Telehealth has been proposed as one low-cost strategy to improve access to care in both acute and chronic conditions.9,10,11 Telehealth enables patients to access healthcare from home with minimal effort and allows for chronic disease management to occur more frequently. In chronic CHF management, for instance, home telehealth (HT) can enable daily weight and vitals monitoring, timely medication changes, provider consultation, and early recognition of decompensation with appropriate intervention.12 Similar programs have been developed for symptom and spirometry monitoring in COPD and blood sugar monitoring in CHF.

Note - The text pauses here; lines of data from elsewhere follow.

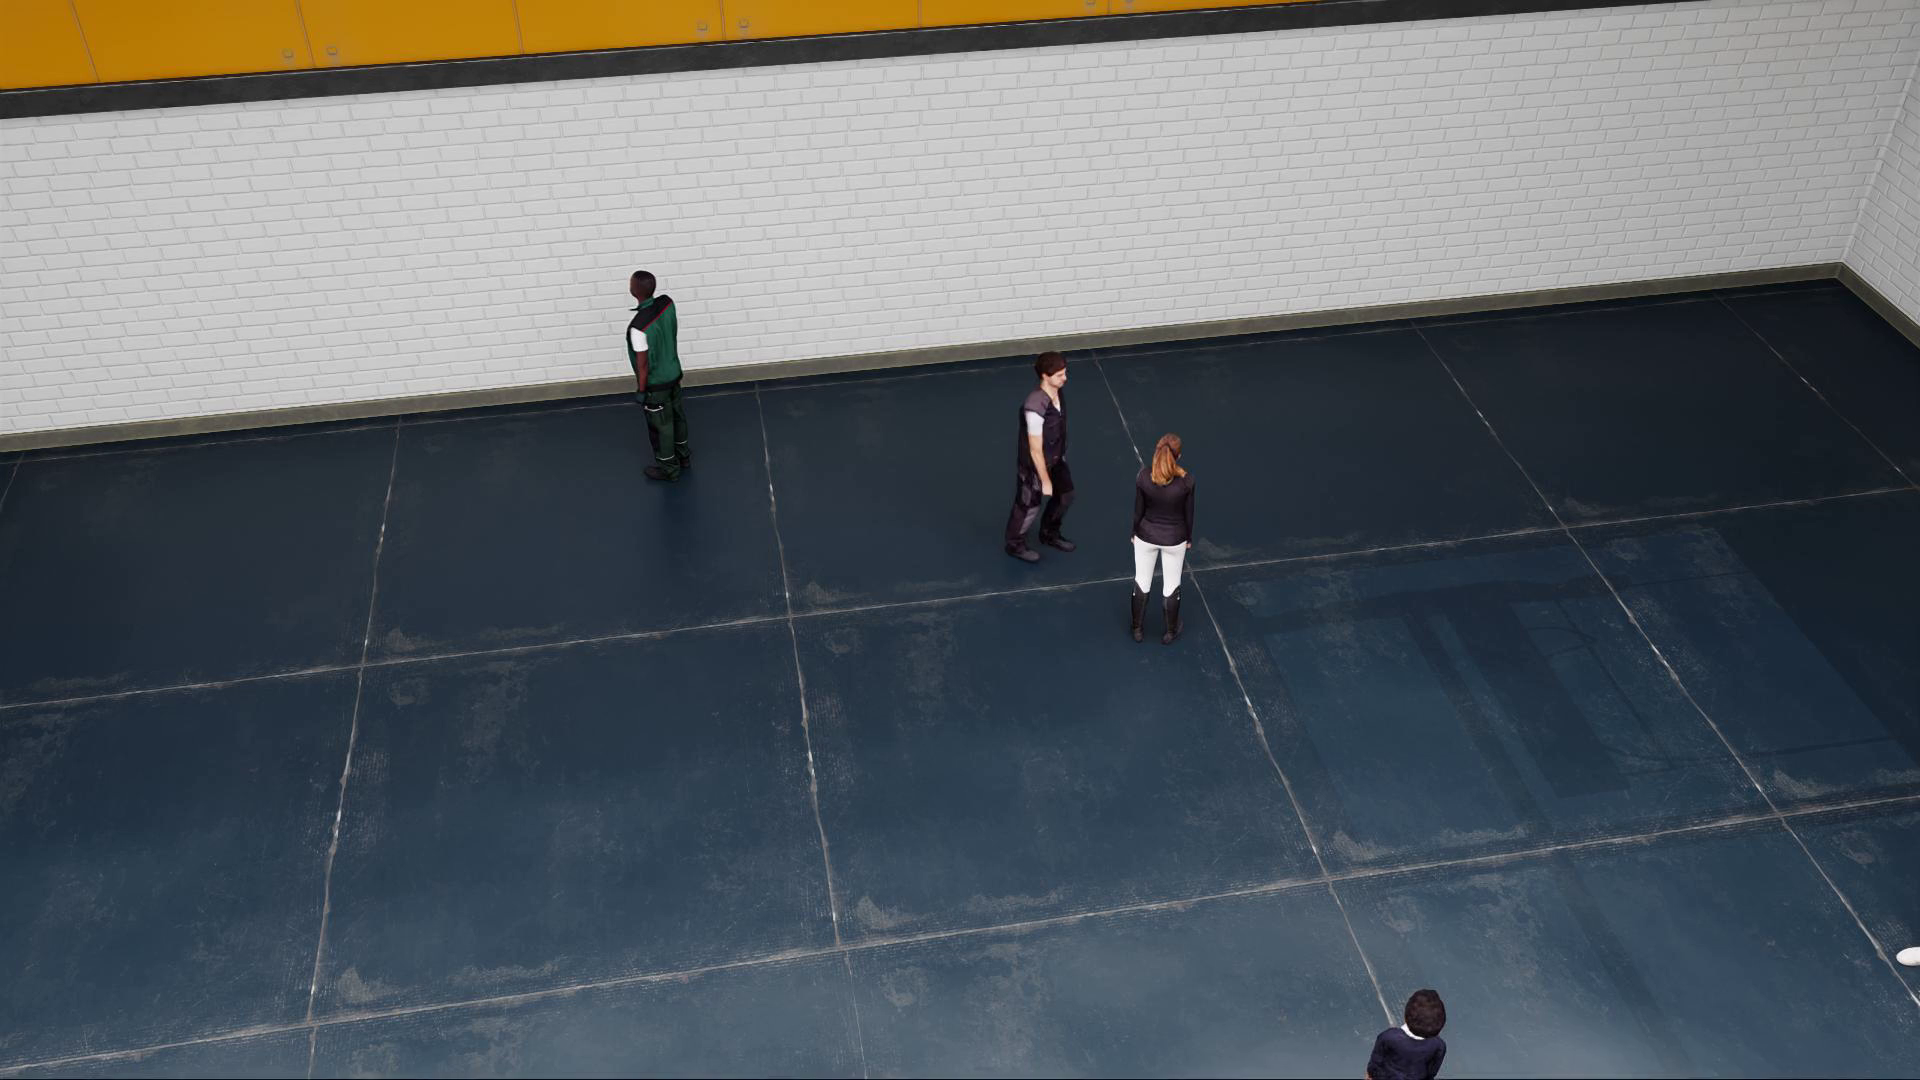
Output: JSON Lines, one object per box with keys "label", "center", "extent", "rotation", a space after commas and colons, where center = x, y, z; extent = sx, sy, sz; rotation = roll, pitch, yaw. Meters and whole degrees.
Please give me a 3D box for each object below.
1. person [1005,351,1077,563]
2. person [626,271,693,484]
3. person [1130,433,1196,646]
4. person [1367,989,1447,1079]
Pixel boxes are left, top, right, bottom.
{"label": "person", "center": [0.491, -0.616, 12.044], "extent": [0.958, 1.827, 0.878], "rotation": [15, 41, 18]}
{"label": "person", "center": [-2.325, -1.267, 12.850], "extent": [0.849, 1.839, 0.751], "rotation": [16, 41, 19]}
{"label": "person", "center": [1.367, -0.003, 11.355], "extent": [0.643, 1.729, 0.647], "rotation": [7, 39, 9]}
{"label": "person", "center": [2.224, 2.722, 8.357], "extent": [0.588, 1.213, 0.794], "rotation": [1, 39, 1]}
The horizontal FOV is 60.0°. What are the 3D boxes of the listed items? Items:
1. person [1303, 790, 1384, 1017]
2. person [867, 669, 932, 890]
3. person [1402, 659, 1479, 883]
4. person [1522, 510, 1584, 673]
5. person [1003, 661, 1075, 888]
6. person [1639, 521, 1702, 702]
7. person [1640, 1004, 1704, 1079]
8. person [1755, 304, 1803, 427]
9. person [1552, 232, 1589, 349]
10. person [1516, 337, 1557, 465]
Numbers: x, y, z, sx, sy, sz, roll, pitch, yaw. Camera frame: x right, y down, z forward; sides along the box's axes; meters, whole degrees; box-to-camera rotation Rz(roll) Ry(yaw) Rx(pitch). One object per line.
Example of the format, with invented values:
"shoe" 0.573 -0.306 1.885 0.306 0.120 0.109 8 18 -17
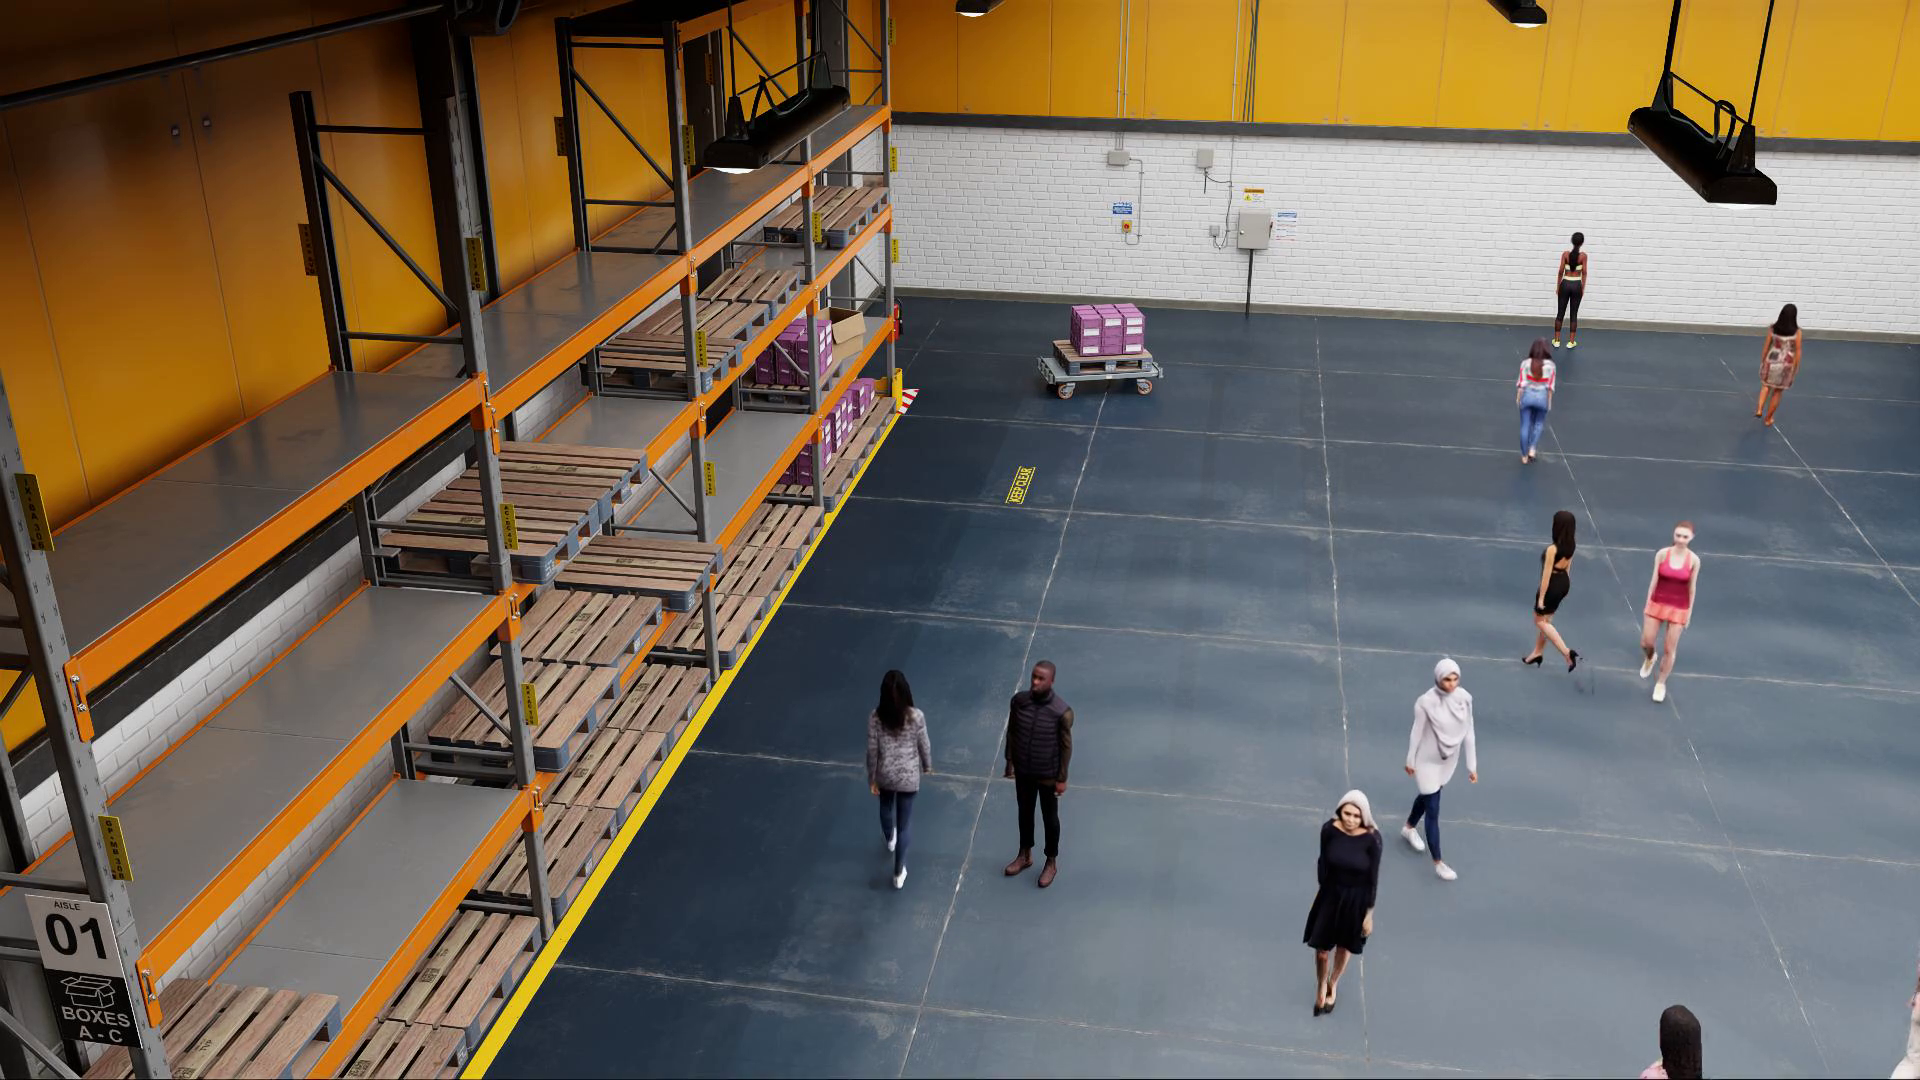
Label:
"person" 2.581 2.402 11.111 0.648 1.734 0.751 9 25 19
"person" -0.484 1.828 12.462 0.627 1.704 0.944 3 24 8
"person" 3.623 1.671 12.781 0.936 1.735 1.169 -7 25 -15
"person" 5.596 0.525 15.529 0.885 1.634 0.948 -15 28 -31
"person" 0.594 1.732 12.518 0.764 1.834 0.711 14 27 28
"person" 6.501 0.604 15.214 0.680 1.742 0.793 12 27 26
"person" 3.860 3.328 9.042 1.059 1.694 1.203 -12 26 -26
"person" 10.800 -2.295 21.978 0.777 1.637 0.804 20 31 38
"person" 9.279 -3.798 25.268 0.602 1.755 0.569 9 25 20
"person" 7.145 -1.716 20.692 0.653 1.606 0.670 8 25 17
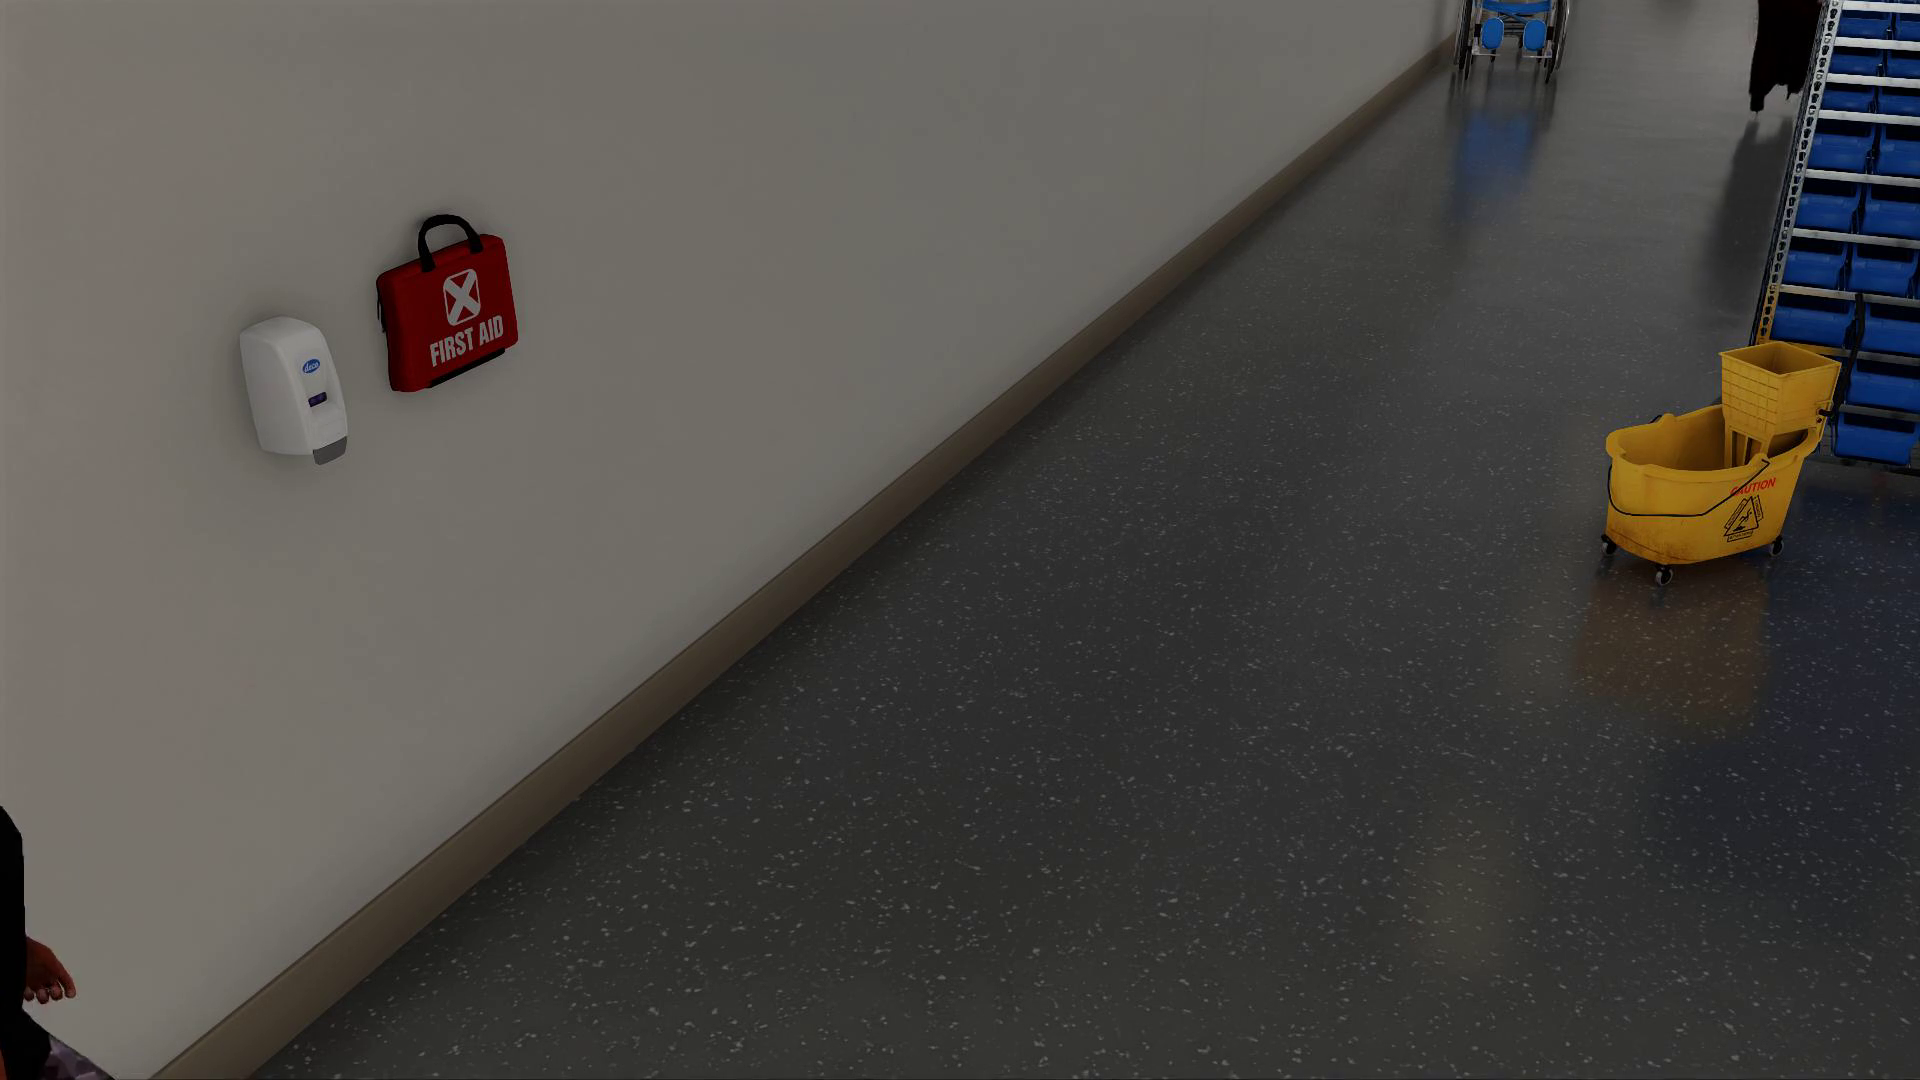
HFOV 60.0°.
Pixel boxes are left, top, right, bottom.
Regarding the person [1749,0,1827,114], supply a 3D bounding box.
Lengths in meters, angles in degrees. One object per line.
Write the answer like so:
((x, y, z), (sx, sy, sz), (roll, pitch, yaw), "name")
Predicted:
((5.834, -3.834, 11.651), (1.025, 1.702, 0.765), (14, 29, 26), "person")
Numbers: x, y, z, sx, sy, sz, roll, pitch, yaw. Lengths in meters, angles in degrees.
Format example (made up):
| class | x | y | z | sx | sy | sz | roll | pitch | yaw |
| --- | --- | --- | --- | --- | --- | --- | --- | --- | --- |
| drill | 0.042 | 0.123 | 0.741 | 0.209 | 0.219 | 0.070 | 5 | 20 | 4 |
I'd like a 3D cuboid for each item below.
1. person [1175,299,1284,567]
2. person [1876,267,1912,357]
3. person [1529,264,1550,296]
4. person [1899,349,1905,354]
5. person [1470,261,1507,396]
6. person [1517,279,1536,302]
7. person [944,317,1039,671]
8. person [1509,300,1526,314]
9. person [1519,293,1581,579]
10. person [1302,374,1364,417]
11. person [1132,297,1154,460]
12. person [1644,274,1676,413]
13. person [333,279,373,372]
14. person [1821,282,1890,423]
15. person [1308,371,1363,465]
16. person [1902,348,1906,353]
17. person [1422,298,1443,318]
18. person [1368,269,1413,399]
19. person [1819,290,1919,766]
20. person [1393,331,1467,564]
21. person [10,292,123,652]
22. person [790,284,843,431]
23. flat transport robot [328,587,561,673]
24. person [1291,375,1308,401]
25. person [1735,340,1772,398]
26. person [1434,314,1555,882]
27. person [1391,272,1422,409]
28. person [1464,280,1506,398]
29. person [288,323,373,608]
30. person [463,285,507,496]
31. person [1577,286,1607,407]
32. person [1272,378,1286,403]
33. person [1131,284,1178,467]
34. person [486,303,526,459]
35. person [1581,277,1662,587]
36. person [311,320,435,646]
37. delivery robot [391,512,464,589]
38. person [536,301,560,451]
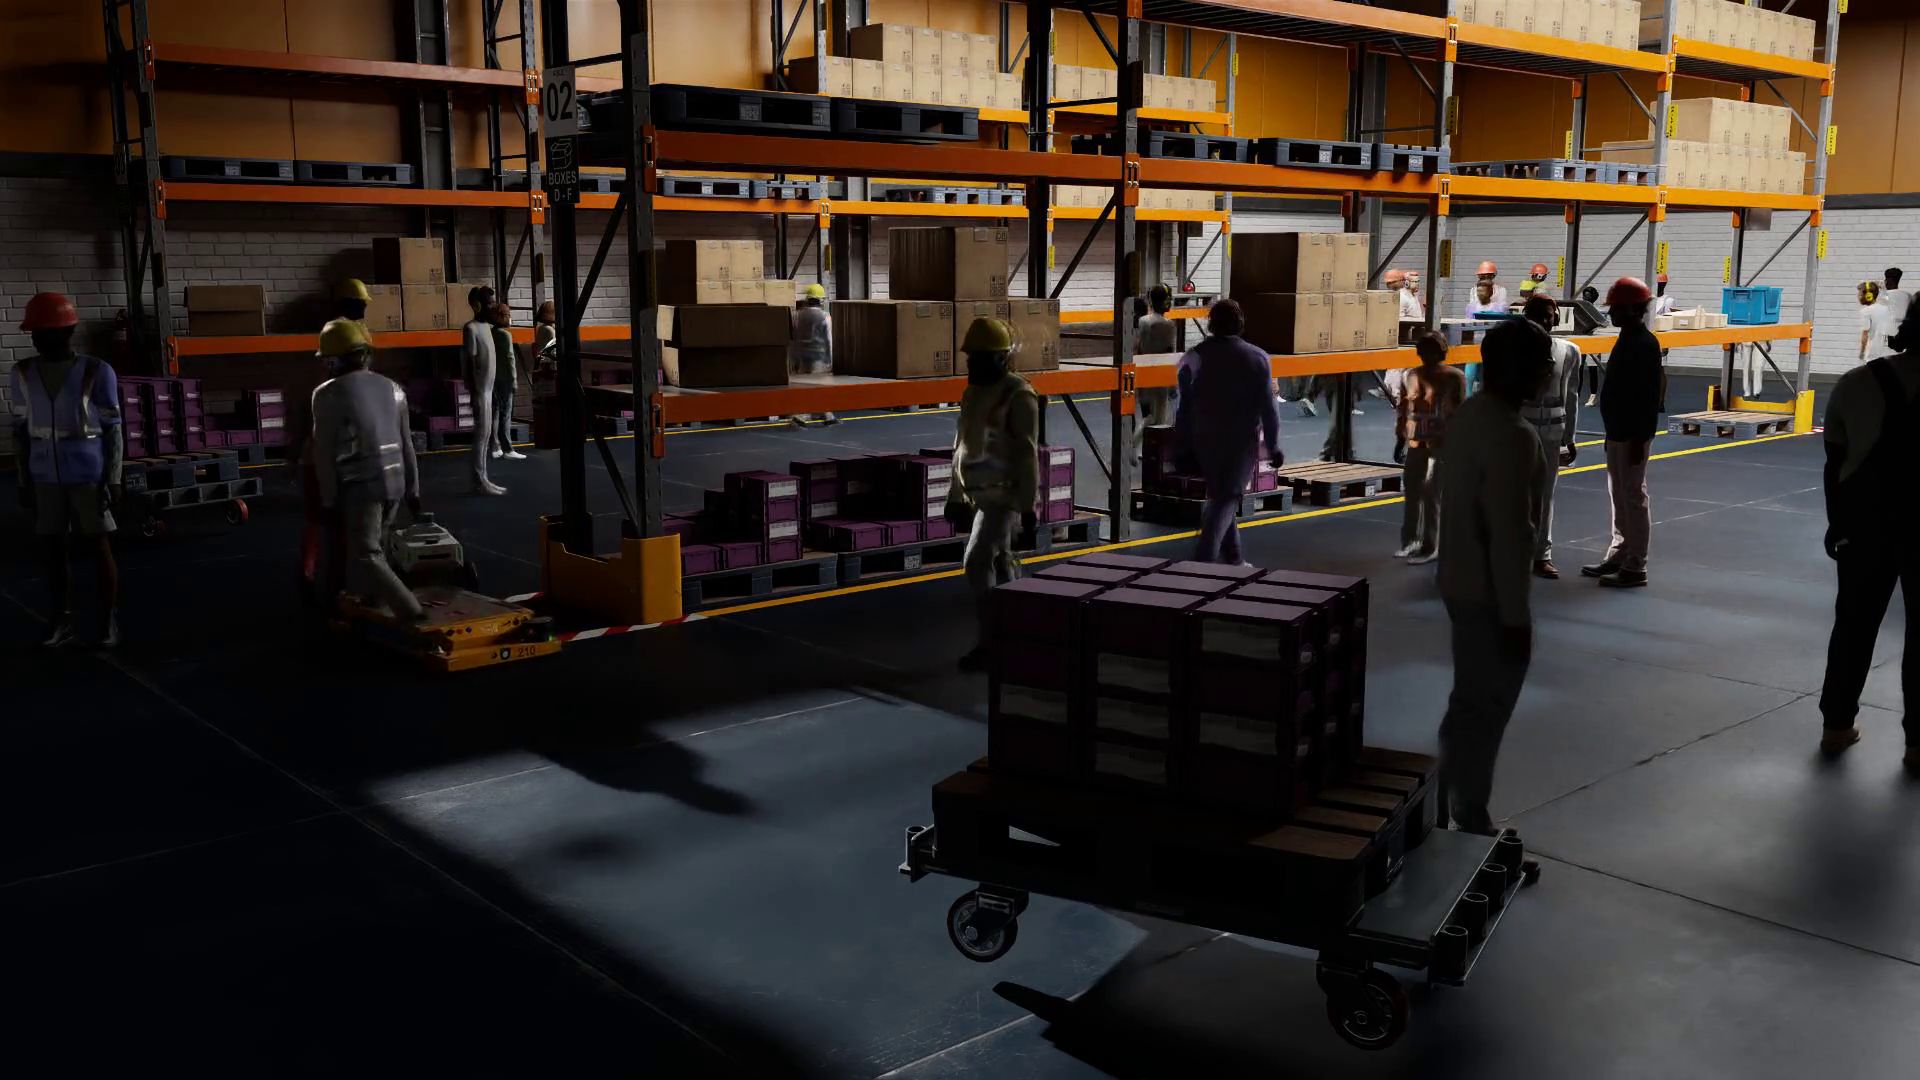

The Veterans Health Administration (VHA) has had a HT program for the past 20 years.13 The program involves the use of a set of Disease Management Protocols by a nurse care coordinator in conjunction with daily HT monitoring and regular symptom questionnaires.14 In previous single-center implementation studies, HT monitoring was associated with reduced hospital admissions and decreased costs.15,16,17,18 Telehealth programs function differently at scale, however, so the effect of a HT program on overall population health remains unclear. The objective of this study was to measure the effect of HT use on clinical outcomes and healthcare utilization in a cohort of veterans with chronic disease in a mature telehealth system.

METHODS

Study Design, Population, and Data Sources

This analysis was a multicenter retrospective matched cohort study of veterans ≥ 65 years with CHF, COPD, or DM between 2013 and 2018. The Veterans Health Administration operated a comprehensive national health system including inpatient and outpatient care for veterans throughout the USA. Participants were included if they had vested VHA health coverage (i.e., fully qualified for VA services), at least one primary care visit within the VHA between 2013 and 2018 and an inpatient or outpatient and diagnosis code consistent with CHF, COPD, or DM (Supplemental Table 1).19 We excluded patients with visits in multiple Veterans Integrated Service Networks (VISNs) during the study period, a first HT monitoring code listed after a death date (indicating an administrative error), or missing gender, home location, or Care Assessment Need (CAN) risk adjustment score. The CAN score is a validated risk score that incorporates predictors from sociodemographic variables, medical conditions, vital signs, prior healthcare use, medications, and laboratory tests to estimate the probability of hospital admission or death within 1 year.20,21.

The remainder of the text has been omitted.